*Exercise goal*
Each line from the start of the entries through the line that contains "Meters and whole" should be output exactly, please.

*Data records*

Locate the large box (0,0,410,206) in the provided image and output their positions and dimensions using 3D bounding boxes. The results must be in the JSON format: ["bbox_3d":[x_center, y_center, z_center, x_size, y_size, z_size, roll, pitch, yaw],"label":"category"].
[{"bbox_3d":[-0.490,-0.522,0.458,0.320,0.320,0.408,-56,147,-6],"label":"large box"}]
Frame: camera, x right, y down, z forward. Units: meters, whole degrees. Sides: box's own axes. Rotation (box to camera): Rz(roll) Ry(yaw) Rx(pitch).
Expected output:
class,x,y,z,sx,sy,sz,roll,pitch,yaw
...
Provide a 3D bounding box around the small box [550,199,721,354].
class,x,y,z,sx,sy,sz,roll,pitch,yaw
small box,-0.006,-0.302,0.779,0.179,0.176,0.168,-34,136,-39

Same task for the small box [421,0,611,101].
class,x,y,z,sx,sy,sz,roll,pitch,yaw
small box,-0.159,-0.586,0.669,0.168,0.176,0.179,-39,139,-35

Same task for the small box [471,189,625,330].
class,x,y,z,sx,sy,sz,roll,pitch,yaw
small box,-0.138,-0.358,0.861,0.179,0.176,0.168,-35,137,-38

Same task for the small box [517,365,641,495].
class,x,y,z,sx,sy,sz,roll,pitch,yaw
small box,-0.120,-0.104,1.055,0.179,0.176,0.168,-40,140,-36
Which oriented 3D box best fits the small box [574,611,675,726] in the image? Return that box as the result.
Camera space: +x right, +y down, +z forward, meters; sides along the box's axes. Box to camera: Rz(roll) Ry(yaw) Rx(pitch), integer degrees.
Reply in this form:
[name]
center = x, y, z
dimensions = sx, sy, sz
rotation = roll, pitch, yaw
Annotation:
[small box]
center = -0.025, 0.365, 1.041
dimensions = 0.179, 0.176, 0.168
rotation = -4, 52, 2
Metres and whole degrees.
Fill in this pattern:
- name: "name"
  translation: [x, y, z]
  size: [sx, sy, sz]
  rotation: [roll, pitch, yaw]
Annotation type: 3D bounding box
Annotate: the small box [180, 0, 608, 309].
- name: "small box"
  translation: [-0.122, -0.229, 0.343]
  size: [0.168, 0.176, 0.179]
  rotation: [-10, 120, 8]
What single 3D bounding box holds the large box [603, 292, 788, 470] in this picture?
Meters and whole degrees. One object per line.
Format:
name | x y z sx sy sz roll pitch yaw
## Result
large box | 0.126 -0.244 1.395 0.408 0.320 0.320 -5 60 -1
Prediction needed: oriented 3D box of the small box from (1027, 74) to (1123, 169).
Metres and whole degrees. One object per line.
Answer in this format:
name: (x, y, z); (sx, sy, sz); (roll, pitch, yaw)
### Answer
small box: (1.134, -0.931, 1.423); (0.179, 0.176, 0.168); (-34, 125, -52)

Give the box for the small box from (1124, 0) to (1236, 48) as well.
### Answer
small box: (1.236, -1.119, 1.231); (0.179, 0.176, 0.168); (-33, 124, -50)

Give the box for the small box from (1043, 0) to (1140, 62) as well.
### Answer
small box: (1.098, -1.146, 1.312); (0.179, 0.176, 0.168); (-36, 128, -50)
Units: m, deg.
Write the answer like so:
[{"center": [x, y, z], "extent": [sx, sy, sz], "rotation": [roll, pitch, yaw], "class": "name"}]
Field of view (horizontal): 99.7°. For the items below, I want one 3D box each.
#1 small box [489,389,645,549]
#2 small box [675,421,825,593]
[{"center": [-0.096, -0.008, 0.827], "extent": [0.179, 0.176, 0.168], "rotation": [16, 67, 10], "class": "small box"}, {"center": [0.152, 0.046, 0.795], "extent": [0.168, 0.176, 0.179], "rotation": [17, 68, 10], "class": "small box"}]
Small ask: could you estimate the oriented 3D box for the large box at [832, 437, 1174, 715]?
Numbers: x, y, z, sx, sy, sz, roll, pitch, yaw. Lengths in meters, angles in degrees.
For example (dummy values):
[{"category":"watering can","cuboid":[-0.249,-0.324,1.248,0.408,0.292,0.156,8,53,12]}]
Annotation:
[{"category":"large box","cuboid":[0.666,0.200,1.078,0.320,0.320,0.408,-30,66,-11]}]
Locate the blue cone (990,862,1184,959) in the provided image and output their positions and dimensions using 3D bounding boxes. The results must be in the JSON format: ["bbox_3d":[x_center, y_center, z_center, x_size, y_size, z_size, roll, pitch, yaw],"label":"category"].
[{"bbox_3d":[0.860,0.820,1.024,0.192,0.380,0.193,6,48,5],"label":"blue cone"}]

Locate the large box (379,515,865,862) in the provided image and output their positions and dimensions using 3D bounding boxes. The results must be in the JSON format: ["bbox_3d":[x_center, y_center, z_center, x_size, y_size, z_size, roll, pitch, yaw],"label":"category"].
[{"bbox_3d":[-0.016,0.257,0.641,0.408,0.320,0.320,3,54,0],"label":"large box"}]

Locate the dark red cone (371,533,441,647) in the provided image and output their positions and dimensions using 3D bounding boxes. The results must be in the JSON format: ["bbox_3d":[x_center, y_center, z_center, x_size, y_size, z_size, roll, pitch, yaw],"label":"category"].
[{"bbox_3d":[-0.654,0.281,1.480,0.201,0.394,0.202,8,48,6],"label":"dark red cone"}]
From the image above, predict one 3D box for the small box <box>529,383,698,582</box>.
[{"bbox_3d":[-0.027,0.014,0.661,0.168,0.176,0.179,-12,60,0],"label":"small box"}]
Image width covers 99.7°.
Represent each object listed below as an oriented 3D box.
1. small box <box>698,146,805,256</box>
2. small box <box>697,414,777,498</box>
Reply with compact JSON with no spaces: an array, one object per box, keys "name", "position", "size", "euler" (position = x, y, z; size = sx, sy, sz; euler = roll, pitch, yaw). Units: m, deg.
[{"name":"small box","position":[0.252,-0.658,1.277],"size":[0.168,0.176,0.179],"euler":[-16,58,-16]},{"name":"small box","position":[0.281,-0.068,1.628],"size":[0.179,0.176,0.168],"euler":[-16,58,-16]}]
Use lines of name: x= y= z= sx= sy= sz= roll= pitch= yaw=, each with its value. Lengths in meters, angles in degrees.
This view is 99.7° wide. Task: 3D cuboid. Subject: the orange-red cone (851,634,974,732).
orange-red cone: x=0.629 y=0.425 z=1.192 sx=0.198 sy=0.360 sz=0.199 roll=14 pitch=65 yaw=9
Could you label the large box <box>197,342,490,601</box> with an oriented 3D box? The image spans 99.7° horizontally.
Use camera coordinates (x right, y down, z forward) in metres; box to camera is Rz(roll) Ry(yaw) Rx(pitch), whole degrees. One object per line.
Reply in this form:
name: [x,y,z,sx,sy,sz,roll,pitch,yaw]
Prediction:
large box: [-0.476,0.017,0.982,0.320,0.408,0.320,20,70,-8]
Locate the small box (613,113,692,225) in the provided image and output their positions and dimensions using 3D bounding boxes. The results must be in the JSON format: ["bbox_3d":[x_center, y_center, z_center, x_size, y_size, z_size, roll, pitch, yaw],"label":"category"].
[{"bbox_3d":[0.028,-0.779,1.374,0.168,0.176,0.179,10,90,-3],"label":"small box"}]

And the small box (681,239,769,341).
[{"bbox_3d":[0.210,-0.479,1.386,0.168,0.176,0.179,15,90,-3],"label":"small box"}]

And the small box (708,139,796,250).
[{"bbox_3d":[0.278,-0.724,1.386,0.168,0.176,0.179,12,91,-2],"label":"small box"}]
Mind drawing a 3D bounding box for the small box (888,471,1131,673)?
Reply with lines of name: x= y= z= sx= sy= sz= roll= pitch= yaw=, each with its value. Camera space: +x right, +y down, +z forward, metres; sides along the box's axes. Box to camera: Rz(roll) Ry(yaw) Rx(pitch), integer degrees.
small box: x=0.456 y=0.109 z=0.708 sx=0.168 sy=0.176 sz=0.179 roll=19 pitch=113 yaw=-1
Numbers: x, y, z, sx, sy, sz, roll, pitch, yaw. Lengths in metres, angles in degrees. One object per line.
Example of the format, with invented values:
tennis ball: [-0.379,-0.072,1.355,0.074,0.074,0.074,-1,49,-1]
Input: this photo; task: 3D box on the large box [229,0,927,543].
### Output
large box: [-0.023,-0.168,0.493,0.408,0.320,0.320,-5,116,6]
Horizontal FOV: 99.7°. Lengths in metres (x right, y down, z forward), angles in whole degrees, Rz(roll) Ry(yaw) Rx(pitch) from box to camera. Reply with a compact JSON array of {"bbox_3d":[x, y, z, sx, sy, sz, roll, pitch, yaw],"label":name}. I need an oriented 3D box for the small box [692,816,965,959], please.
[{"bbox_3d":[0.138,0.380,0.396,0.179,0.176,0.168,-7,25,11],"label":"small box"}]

*Your response*
Locate the large box (0,0,410,206) in the provided image and output their positions and dimensions using 3D bounding boxes. The results must be in the JSON format: ["bbox_3d":[x_center, y_center, z_center, x_size, y_size, z_size, roll, pitch, yaw],"label":"category"].
[{"bbox_3d":[-0.490,-0.522,0.458,0.320,0.320,0.408,-56,147,-6],"label":"large box"}]
Frame: camera, x right, y down, z forward. Units: meters, whole degrees. Sides: box's own axes. Rotation (box to camera): Rz(roll) Ry(yaw) Rx(pitch).
Expected output:
class,x,y,z,sx,sy,sz,roll,pitch,yaw
...
Provide a 3D bounding box around the small box [550,199,721,354].
class,x,y,z,sx,sy,sz,roll,pitch,yaw
small box,-0.006,-0.302,0.779,0.179,0.176,0.168,-34,136,-39

Same task for the small box [421,0,611,101].
class,x,y,z,sx,sy,sz,roll,pitch,yaw
small box,-0.159,-0.586,0.669,0.168,0.176,0.179,-39,139,-35

Same task for the small box [471,189,625,330].
class,x,y,z,sx,sy,sz,roll,pitch,yaw
small box,-0.138,-0.358,0.861,0.179,0.176,0.168,-35,137,-38

Same task for the small box [517,365,641,495].
class,x,y,z,sx,sy,sz,roll,pitch,yaw
small box,-0.120,-0.104,1.055,0.179,0.176,0.168,-40,140,-36
Which oriented 3D box best fits the small box [574,611,675,726] in the image? Return that box as the result.
Camera space: +x right, +y down, +z forward, meters; sides along the box's axes. Box to camera: Rz(roll) Ry(yaw) Rx(pitch), integer degrees.
Reply in this form:
[name]
center = x, y, z
dimensions = sx, sy, sz
rotation = roll, pitch, yaw
Annotation:
[small box]
center = -0.025, 0.365, 1.041
dimensions = 0.179, 0.176, 0.168
rotation = -4, 52, 2
Metres and whole degrees.
Fill in this pattern:
- name: "name"
  translation: [x, y, z]
  size: [sx, sy, sz]
  rotation: [roll, pitch, yaw]
Annotation type: 3D bounding box
Annotate: the small box [180, 0, 608, 309].
- name: "small box"
  translation: [-0.122, -0.229, 0.343]
  size: [0.168, 0.176, 0.179]
  rotation: [-10, 120, 8]
What single 3D bounding box holds the large box [603, 292, 788, 470] in this picture?
Meters and whole degrees. One object per line.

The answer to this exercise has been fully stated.